Neural networks, particularly convolutional neural networks (CNNs), are employed for image recognition tasks. In the authentication process, high-resolution images of organic legume products are inputted into CNNs, allowing the system to discern subtle visual nuances that are indicative of authenticity. This method enhances the system’s ability to detect counterfeit packaging or labels.
 
Natural language processing (NLP) for documentation verification
 
NLP algorithms are applied to verify the authenticity of textual information on product documentation. By analyzing product descriptions, origin details and certification documents, NLP systems can identify discrepancies or anomalies that may indicate fraudulent practices. This approach strengthens the validation process and ensures the accuracy of information presented on packaging.
 
Anomaly detection for unusual patterns
 
AI-based anomaly detection models are instrumental in identifying irregular patterns in supply chain data. By establishing a baseline of normal behavior, these models can swiftly flag unusual activities or deviations, signaling potential instances of tampering or fraudulent activities within the supply chain. This real-time monitoring enhances the security of the entire supply chain ecosystem.
 
Reinforcement learning for adaptive security
 
Reinforcement learning algorithms contribute to adaptive security measures by continuously learning and evolving based on environmental changes. These algorithms enable the system to adapt its authentication strategies in response to emerging threats or novel counterfeit techniques, making the authentication process more robust and proactive.
 
Integration of blockchain and ai
 
Blockchain’s immutable ledger
 
Blockchain, at its core, operates as an immutable and decentralized ledger. Each transaction or piece of data is stored in a block, cryptographically linked to the previous one, forming a chain. This inherent feature ensures data integrity, making it resistant to tampering or fraud. In the context of organic legume supply chains, utilizing blockchain technology establishes an unalterable record of the product’s journey from farm to consumer.
 
AI-Powered smart contracts
 
Smart contracts, executable code deployed on a blockchain, autonomously enforce predefined rules. Integrating AI into smart contracts enhances their adaptability and decision-making capabilities. AI algorithms can dynamically adjust contract conditions based on real-time data, allowing for more responsive and context-aware agreements. This adaptability is crucial in the organic legume industry where factors such as weather conditions and crop health impact the final product.
 
Decentralized identity verification
 
Combining blockchain and AI facilitates decentralized identity verification. AI algorithms can analyze and verify the authenticity of product-related information, such as certifications and batch records. Blockchain, acting as a decentralized and secure repository, ensures that verified information remains intact and can be trusted throughout the supply chain.

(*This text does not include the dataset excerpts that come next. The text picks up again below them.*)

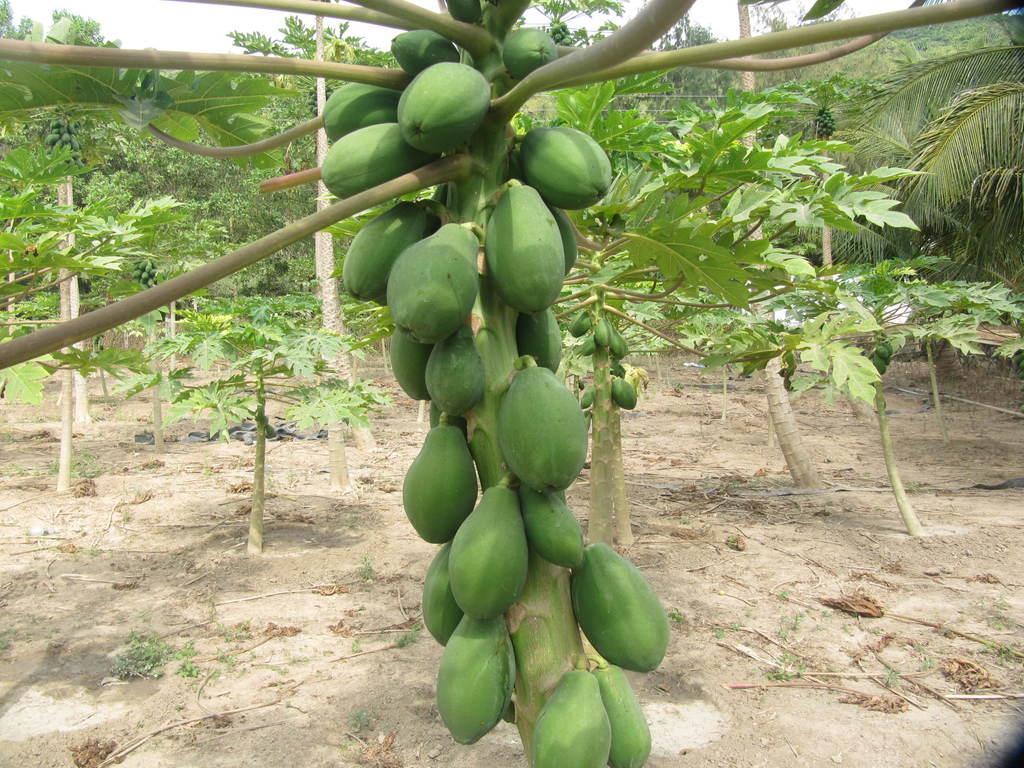Describe this image in one or two sentences. In the picture we can see some papaya trees with papaya which are green in color and we can also see some part of the sky. 
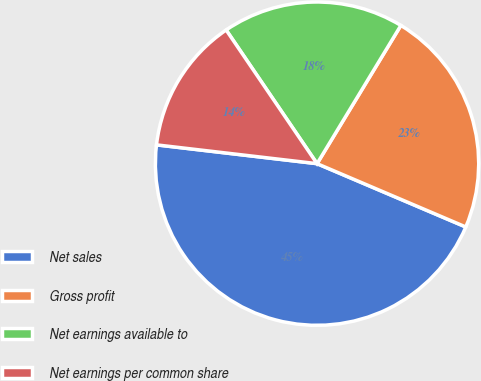Convert chart. <chart><loc_0><loc_0><loc_500><loc_500><pie_chart><fcel>Net sales<fcel>Gross profit<fcel>Net earnings available to<fcel>Net earnings per common share<nl><fcel>45.45%<fcel>22.73%<fcel>18.18%<fcel>13.64%<nl></chart> 
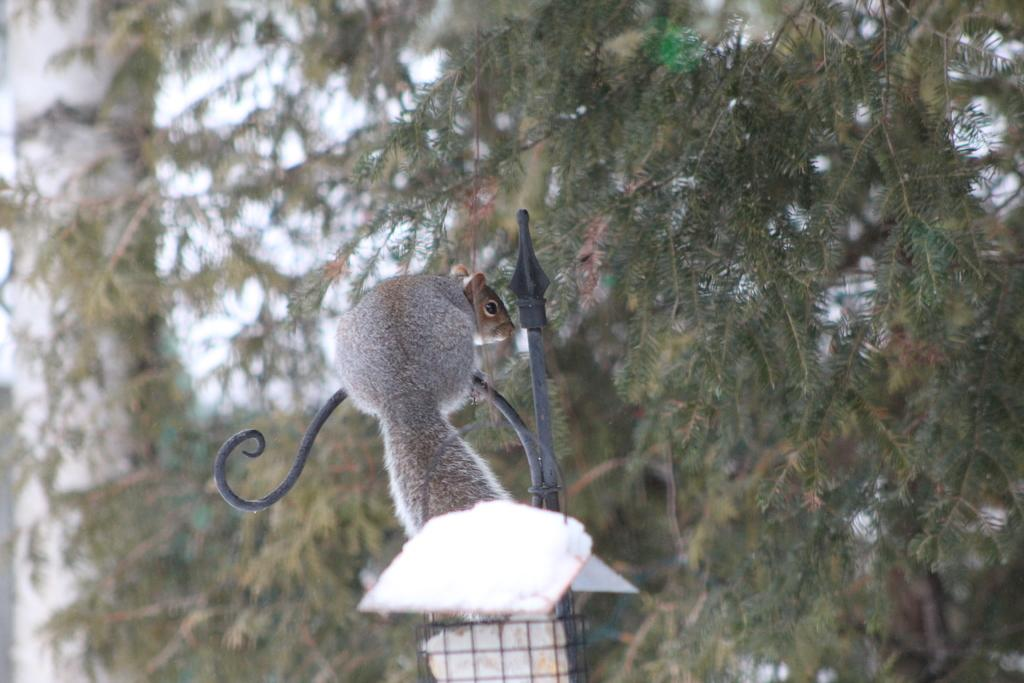What animal can be seen in the picture? There is a squirrel in the picture. What is the squirrel standing on? The squirrel is standing on an object. What type of natural environment is visible in the picture? There are many branches of a tree around the squirrel. What type of cactus can be seen in the picture? There is no cactus present in the picture; it features a squirrel standing on an object surrounded by tree branches. 
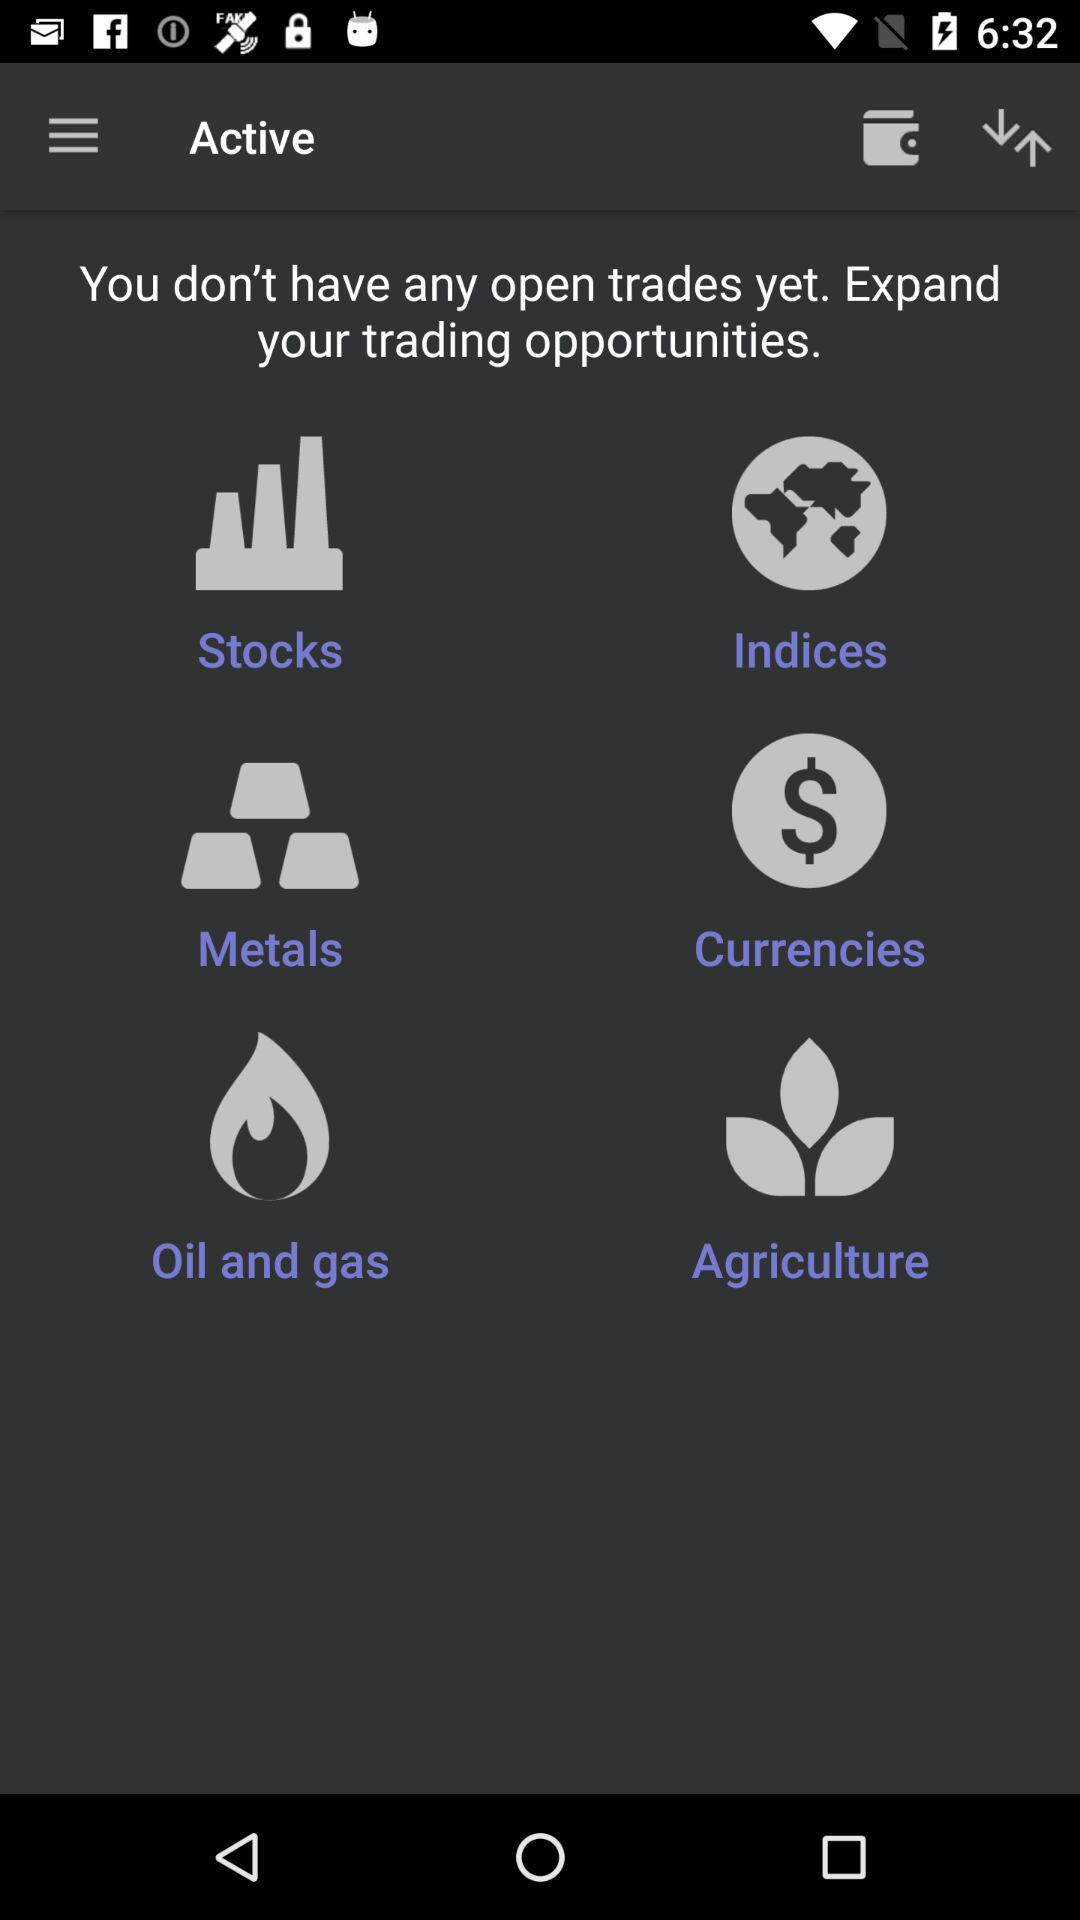What are the trading opportunities in which I can trade? The trading opportunities are "Stocks", "Indices", "Metals", "Currencies", "Oil and gas" and "Agriculture". 
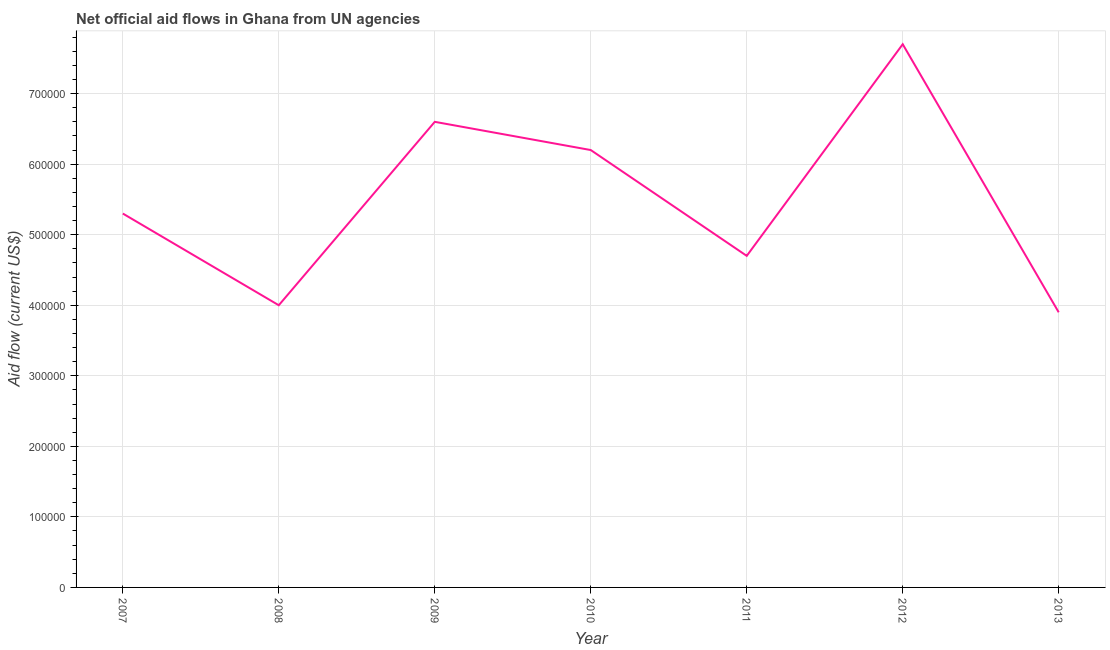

This synergy enhances the traceability and transparency of organic legume products.
 
Machine learning for anomaly detection
 
Machine Learning (ML) algorithms, when integrated with blockchain data, enable advanced anomaly detection. Deviations from established patterns, indicative of potential fraud or contamination, can be identified in real-time (Srai et al., 2022).
 
Consensus algorithms for data integrity
 
Ensuring the integrity of data across a decentralized network is a fundamental challenge. Blockchain’s consensus algorithms, coupled with AI-driven validation mechanisms, provide an additional layer of data integrity.
 
Privacy-preserving AI on blockchain
 
Privacy concerns are paramount, especially in the food industry where sensitive information about sourcing and production must be protected. Integration of privacy-preserving AI techniques, like federated learning, with blockchain, ensures that valuable insights are gained without compromising individual data.

RESULTS AND DISCUSSION

The application of blockchain technology in the organic legume supply chain demonstrated a significant enhancement in traceability and authenticity verification. Utilizing a decentralized ledger ensured immutable and transparent records of each transaction and transfer within the supply chain. The implementation successfully reduced instances of deceit and counterfeit products, creating a secure and tamper-resistant system (Table 1).
 

Table 1: Blockchain impact on traceability.


       
Artificial Intelligence, particularly machine learning algorithms, played a crucial role in authenticating organic legume products. Through the analysis of various data points, such as product characteristics and distribution patterns, the AI system accurately identified differences and potential counterfeit items. The implementation significantly reduced the time required for authentication, providing real-time insights and enhancing overall supply chain efficiency.
       
The integration of blockchain and AI technologies demonstrated a synergistic effect in ensuring the authenticity of organic legume products. The decentralized and transparent nature of blockchain complemented the data-driven capabilities of AI, creating a robust system. The combination resulted in a highly secure, efficient and intelligent supply chain management process. The effect of AI Authentication on different variables can be seen from the results presented in Table 2. Table 3 presents the effect that an integrated system has on overall accuracy, fraud reduction, real-time tracing and scalability.
 

Table 2: AI authentication performance.


 

Table 3: Performance metrics of integrated system.


       
Comparing the results of the blockchain-only, AI-only and integrated systems, it is evident that the integrated approach outperforms the individual technologies (Table 4). The combination addresses the limitations of each technology and provides a comprehensive solution to ensure the authenticity of organic legume products in the supply chain.
 

Table 4: Comparative analysis of blockchain-only, AI-only integrated systems.


       
The results demonstrate that the integration of blockchain and AI technologies offers a holistic and highly effective approach to ensuring the authenticity of organic legume products in supply chains. The combined system not only addresses existing challenges but also provides advancements in secure and transparent supply chain management.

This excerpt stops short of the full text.